Study Maps Medical Pot Laws and Regulations
Anyone trying to make a living in the legal marijuana industry has faced the absurd and frustrating obstacles resulting from cannabis being legal in a certain states, but not legal on a federal level, which still maintains a Schedule 1 classification for weed, therefore allowing the feds to ruin one’s business or life at any given moment.
Temple University laid out the facts regarding how state laws disparately regulate patient registration and civil rights, product safety labeling and packaging, and dispensaries, according to a new study published in the journal Addiction.
The study, done earlier this year, found that state laws mimic some aspects of federal prescription drug and controlled substances laws, as well as regulatory strategies used for alcohol, tobacco and traditional medicines.

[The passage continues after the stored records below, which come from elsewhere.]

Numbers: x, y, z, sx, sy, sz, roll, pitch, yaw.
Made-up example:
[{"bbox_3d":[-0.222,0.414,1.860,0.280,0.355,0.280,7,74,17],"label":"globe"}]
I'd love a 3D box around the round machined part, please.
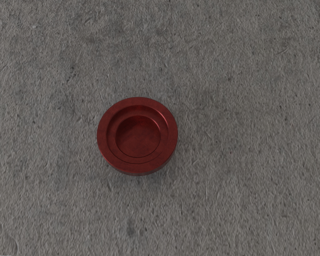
[{"bbox_3d":[-0.027,0.013,0.394,0.099,0.042,0.098,0,70,0],"label":"round machined part"}]
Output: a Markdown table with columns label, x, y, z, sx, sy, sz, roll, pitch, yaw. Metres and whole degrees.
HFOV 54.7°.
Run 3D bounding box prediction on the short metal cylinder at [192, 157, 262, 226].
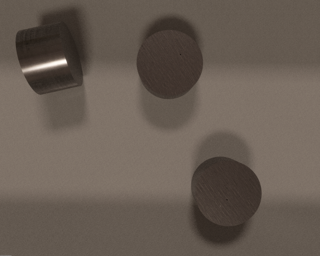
| label | x | y | z | sx | sy | sz | roll | pitch | yaw |
| --- | --- | --- | --- | --- | --- | --- | --- | --- | --- |
| short metal cylinder | 0.083 | 0.079 | 0.400 | 0.081 | 0.050 | 0.079 | 0 | 90 | -1 |

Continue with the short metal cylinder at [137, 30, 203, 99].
| label | x | y | z | sx | sy | sz | roll | pitch | yaw |
| --- | --- | --- | --- | --- | --- | --- | --- | --- | --- |
| short metal cylinder | 0.012 | -0.079 | 0.399 | 0.081 | 0.050 | 0.079 | 0 | 90 | -1 |

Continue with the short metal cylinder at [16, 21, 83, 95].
| label | x | y | z | sx | sy | sz | roll | pitch | yaw |
| --- | --- | --- | --- | --- | --- | --- | --- | --- | --- |
| short metal cylinder | -0.133 | -0.085 | 0.382 | 0.050 | 0.080 | 0.080 | -13 | 90 | 0 |
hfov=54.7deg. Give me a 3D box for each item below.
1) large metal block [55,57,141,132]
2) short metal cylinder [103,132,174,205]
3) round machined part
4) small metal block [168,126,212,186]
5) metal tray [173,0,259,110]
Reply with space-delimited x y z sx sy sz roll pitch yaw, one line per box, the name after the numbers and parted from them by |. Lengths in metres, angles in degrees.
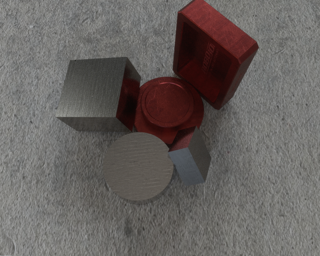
-0.076 -0.041 0.397 0.080 0.050 0.080 1 69 18 | large metal block
-0.025 0.051 0.378 0.081 0.050 0.080 0 70 0 | short metal cylinder
0.009 -0.026 0.411 0.099 0.042 0.098 0 70 -1 | round machined part
0.037 0.033 0.373 0.025 0.050 0.050 -17 112 26 | small metal block
0.060 -0.084 0.384 0.030 0.130 0.090 -43 76 -14 | metal tray
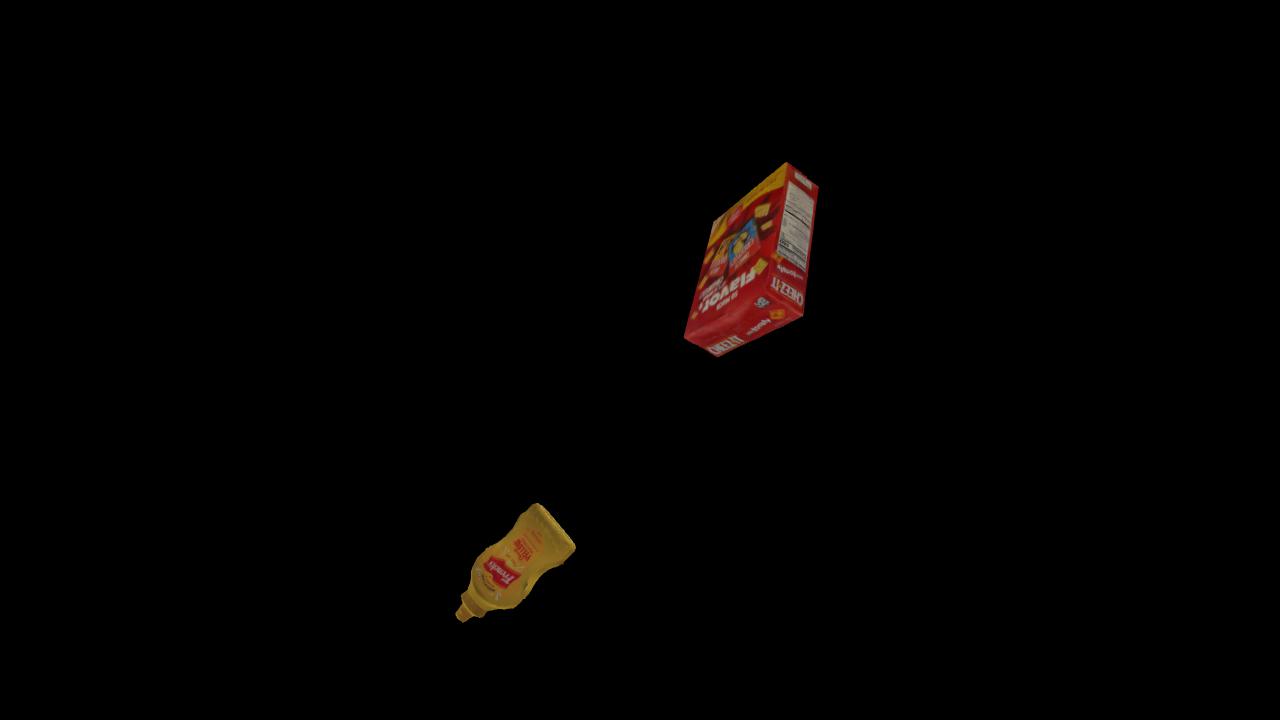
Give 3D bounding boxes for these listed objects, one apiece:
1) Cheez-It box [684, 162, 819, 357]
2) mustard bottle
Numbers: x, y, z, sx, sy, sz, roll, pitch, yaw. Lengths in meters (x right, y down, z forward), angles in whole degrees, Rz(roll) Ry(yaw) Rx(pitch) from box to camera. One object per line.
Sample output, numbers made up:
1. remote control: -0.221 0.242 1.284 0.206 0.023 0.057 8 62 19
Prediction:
1. Cheez-It box: 0.152 -0.132 0.833 0.071 0.223 0.166 28 -32 -21
2. mustard bottle: -0.185 0.297 0.866 0.092 0.184 0.054 44 -9 18
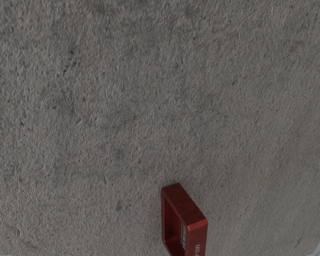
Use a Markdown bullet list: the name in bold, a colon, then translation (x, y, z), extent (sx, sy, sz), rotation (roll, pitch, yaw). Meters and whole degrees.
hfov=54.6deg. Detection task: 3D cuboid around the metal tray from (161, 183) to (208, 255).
- **metal tray**: translation (0.035, 0.162, 0.483), extent (0.030, 0.090, 0.129), rotation (-14, 125, -20)
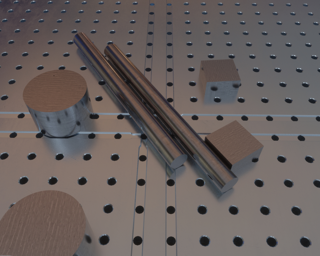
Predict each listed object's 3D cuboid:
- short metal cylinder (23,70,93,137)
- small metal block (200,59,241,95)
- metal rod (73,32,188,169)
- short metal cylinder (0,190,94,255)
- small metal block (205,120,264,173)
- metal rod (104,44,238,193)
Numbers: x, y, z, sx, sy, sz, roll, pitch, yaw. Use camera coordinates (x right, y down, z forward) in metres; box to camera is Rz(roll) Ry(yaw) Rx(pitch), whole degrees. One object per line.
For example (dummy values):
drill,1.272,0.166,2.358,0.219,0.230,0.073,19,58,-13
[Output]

Scott Burris and a team of researchers from the Temple University Center for Public Health Law Research and the RAND Drug Policy Research Center analyzed characteristics of each of the legal, medical or recreational, state’s laws using data from the Prescription Drug Abuse Policy System.
The laws, according to the authors, are an attempt by state governments to protect patients and the public, as MMJ is increasingly used to treat illnesses ranging from epilepsy to AIDS.
These laws, they say, attempt to fill in gaps created by the nearly 50-year-old federal Controlled Substances Act that has maddeningly maintained marijuana in the Schedule 1 drug class, along with heroin and other hard drugs.
The infuriating part is the DEA’s insistence that cannabis has no acceptable medical uses.
“In the absence of the usual federal regulations to protect patients, ensure product safety and prevent diversion and abuse, states have been left to their own devices,” said author Scott Burris, director of the Center for Public Health Law Research.
Other findings included:
Only 14 states protect patients from discrimination.
While the majority of states with medical marijuana laws have packaging and labeling requirements for medical marijuana products, the laws vary widely in what they require. For example, only 18 states have made product safety testing mandatory.
Dispensaries are regulated in 25 states, but only 21 restrict where a dispensary may be located.
“In this area of health policy, as in others, states are serving as ‘laboratories of democracy,’ but the exercise is only productive if researchers step up to rigorously evaluate the impact of state innovation,” Burris said.
“We largely have no idea about how well these laws protect patients and the public,” he added.
Still the problem remains. Despite the studies and research, how are medical and recreational cannabis users protected in a country that maintains so many inconsistent laws and regulations?